- WORK TO BE COMPLETED -
Below are some records. Return exactly their lines from the one containing "Q5. If we section" through the one containing "line L0 (10, 35) -> (10, -35)", and drop the pictures.

- MATERIAL FOR THE TASK -
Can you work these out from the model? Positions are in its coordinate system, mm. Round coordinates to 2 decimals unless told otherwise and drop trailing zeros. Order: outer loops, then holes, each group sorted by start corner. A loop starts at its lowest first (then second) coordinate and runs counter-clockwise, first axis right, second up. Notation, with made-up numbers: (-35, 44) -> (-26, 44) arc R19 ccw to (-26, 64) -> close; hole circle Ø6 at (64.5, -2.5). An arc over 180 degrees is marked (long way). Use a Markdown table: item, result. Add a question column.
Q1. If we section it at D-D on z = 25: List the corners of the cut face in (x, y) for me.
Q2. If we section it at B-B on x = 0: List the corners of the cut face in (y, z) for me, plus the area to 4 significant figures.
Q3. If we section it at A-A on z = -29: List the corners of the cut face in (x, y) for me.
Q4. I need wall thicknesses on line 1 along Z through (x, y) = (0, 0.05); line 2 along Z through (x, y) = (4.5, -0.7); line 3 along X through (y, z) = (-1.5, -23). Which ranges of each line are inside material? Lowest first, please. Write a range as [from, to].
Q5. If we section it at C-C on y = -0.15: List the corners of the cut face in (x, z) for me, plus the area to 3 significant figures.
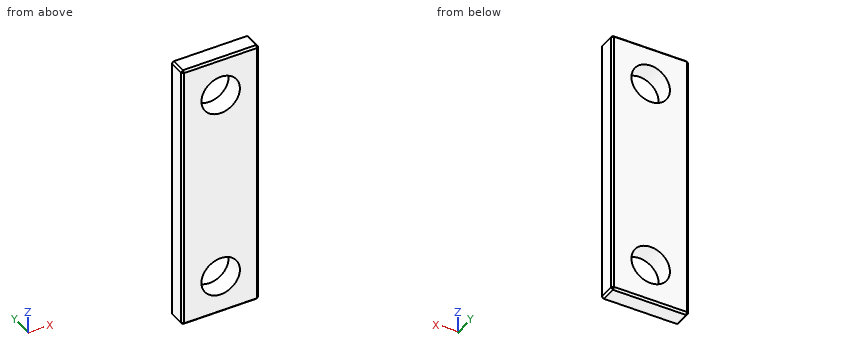
Autodesk Inventor part; units mm, degrees
ref_plane "YZ Plane" through (0, 0, 0) normal (1, 0, 0) x (0, 1, 0)
ref_plane "XZ Plane" through (0, 0, 0) normal (0, 1, 0) x (-1, 0, 0)
ref_plane "XY Plane" through (0, 0, 0) normal (0, 0, 1) x (1, 0, 0)
sketch "Sketch1" plane through (0, 0, 0) normal (0, 1, 0) x (-1, 0, 0)
  circle A0 centre (0, 25) radius 5
  circle A1 centre (0, -25) radius 5
  line L0 (10, 35) -> (10, -35)
  line L1 (-10, -35) -> (-10, 35)
  line L2 (10, -35) -> (-10, -35)
  line L3 (10, 35) -> (-10, 35)
  line L4 (0, -25) -> (0, 25) construction
  point P0 (0, 0)
  point P1 (10, 0)
  point P2 (0, -35)
  point P3 (0, 35)
  point P4 (0, 0)
  dimension "d1" = 10
  dimension "d5" = 20
  dimension "d6" = 10
  dimension "d7" = 50
extrude "Extrusion1" add sketch "Sketch1" along normal mid plane 5
chamfer "Chamfer2" distance 0.5 angle 45 12 edges at (10, 2.5, 0) (0, 2.5, 35) (-10, 2.5, 0) (0, 2.5, -35) (0, -2.5, 35) (10, -2.5, 0) (-10, -2.5, 0) (0, -2.5, -35) (10, 0, 35) (-10, 0, 35) (10, 0, -35) (-10, 0, -35)
equation "\"d6\" = d5 - d1"
properties part number "link_c" material "Aluminium 6082 T6"
Answer below:
| question | item | result |
|---|---|---|
| 1 | outline | (-10, -2) -> (-9.5, -2.5) -> (-5, -2.5) -> (-5, 2.5) -> (-9.5, 2.5) -> (-10, 2) -> close; (5, -2.5) -> (9.5, -2.5) -> (10, -2) -> (10, 2) -> (9.5, 2.5) -> (5, 2.5) -> close |
| 2 | outline | (-2.5, -34.5) -> (-2, -35) -> (2, -35) -> (2.5, -34.5) -> (2.5, -30) -> (-2.5, -30) -> close; (-2.5, -20) -> (2.5, -20) -> (2.5, 20) -> (-2.5, 20) -> close; (-2.5, 30) -> (2.5, 30) -> (2.5, 34.5) -> (2, 35) -> (-2, 35) -> (-2.5, 34.5) -> close |
| 2 | area | 249.5 mm² |
| 3 | outline | (-10, -2) -> (-9.5, -2.5) -> (-3, -2.5) -> (-3, 2.5) -> (-9.5, 2.5) -> (-10, 2) -> close; (3, -2.5) -> (9.5, -2.5) -> (10, -2) -> (10, 2) -> (9.5, 2.5) -> (3, 2.5) -> close |
| 4 | line 1 | [-35, -30], [-20, 20], [30, 35] |
| 4 | line 2 | [-35, -27.18], [-22.82, 22.82], [27.18, 35] |
| 4 | line 3 | [-10, -4.58], [4.58, 10] |
| 5 | outline | (-10, -34.5) -> (-9.5, -35) -> (9.5, -35) -> (10, -34.5) -> (10, 34.5) -> (9.5, 35) -> (-9.5, 35) -> (-10, 34.5) -> close; hole circle Ø10 at (0, -25); hole circle Ø10 at (0, 25) |
| 5 | area | 1,240 mm² |

- REPLY TO THE EXERCISE -
Q5. If we section it at C-C on y = -0.15: List the corners of the cut face in (x, z) for me, plus the area to 3 significant figures.
Autodesk Inventor part; units mm, degrees
ref_plane "YZ Plane" through (0, 0, 0) normal (1, 0, 0) x (0, 1, 0)
ref_plane "XZ Plane" through (0, 0, 0) normal (0, 1, 0) x (-1, 0, 0)
ref_plane "XY Plane" through (0, 0, 0) normal (0, 0, 1) x (1, 0, 0)
sketch "Sketch1" plane through (0, 0, 0) normal (0, 1, 0) x (-1, 0, 0)
  circle A0 centre (0, 25) radius 5
  circle A1 centre (0, -25) radius 5
  line L0 (10, 35) -> (10, -35)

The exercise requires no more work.